試合開始45分前。 日本代表がピッチに入ってきた。 赤のサポーターがものすごいブーイング。 ブー!だけでなく口笛のピー!が鼓膜を突き抜けそうなほど強烈。 本格的なアウェーを感じながらいつも思うこと。 我々もブーイングが上手くならないと。 日本でやる試合で代表のためにホーム感を演出するのは十分できていると思う。 しかし相手に与えるアウェー感がイマイチ。
欧州、南米、この中東、さらにアジアである中国でさえも相手国にアウェー感を醸し出すのがうまい。 自国を応援する声よりブーイングの方がボルテージが上がる。 我々も口笛や指笛のレベルアップが必要だ。

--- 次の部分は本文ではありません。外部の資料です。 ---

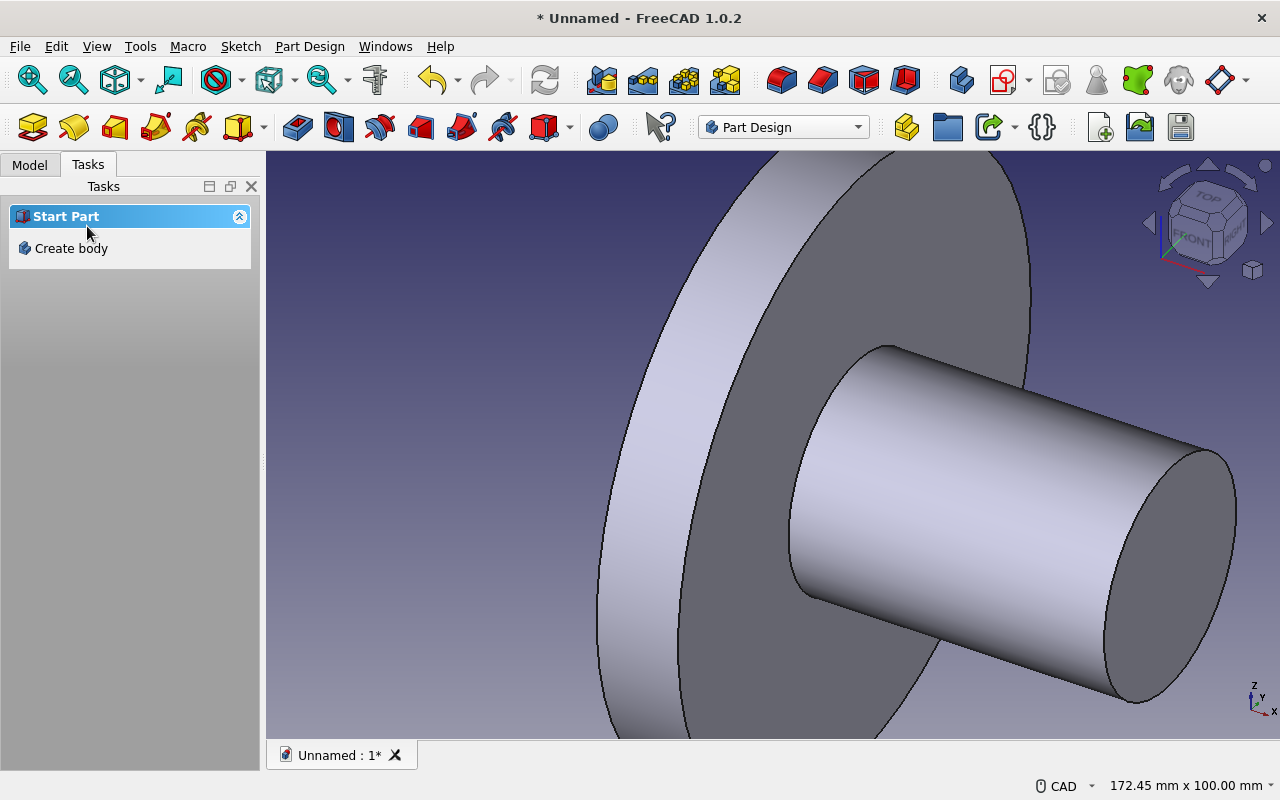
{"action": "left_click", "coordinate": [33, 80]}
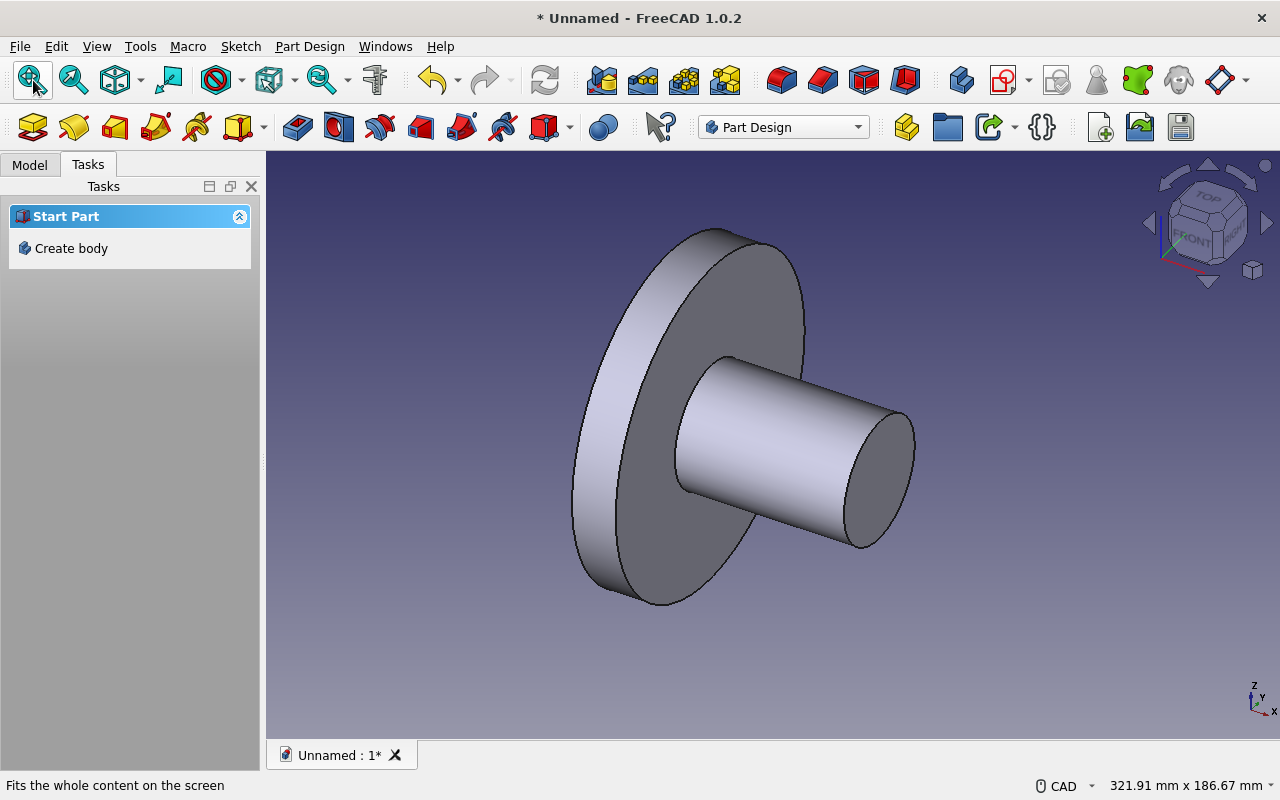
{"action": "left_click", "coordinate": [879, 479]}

我らが代表がアップを始める。 あと30分後にはキックオフ。 青のサポーターも赤のブーイングに負けてはいられない。 「ヨーシカツ!」「ミヤモト!」選手一人一人の名前を叫ぶ。 そして最後は「ジーコ!」。 すると来た来た、大きな日本代表応援の旗。 縦横30mぐらいの大きな旗が我々を飲み込んでいく。 みんな下から突き上げる。 ブルーの勝利とドイツへの夢を信じて遠い日本からやって来た。 この旗の下にいるオレたちの心がより一層ひとつになる瞬間だ。 そして選手たちの目にも届いているはず。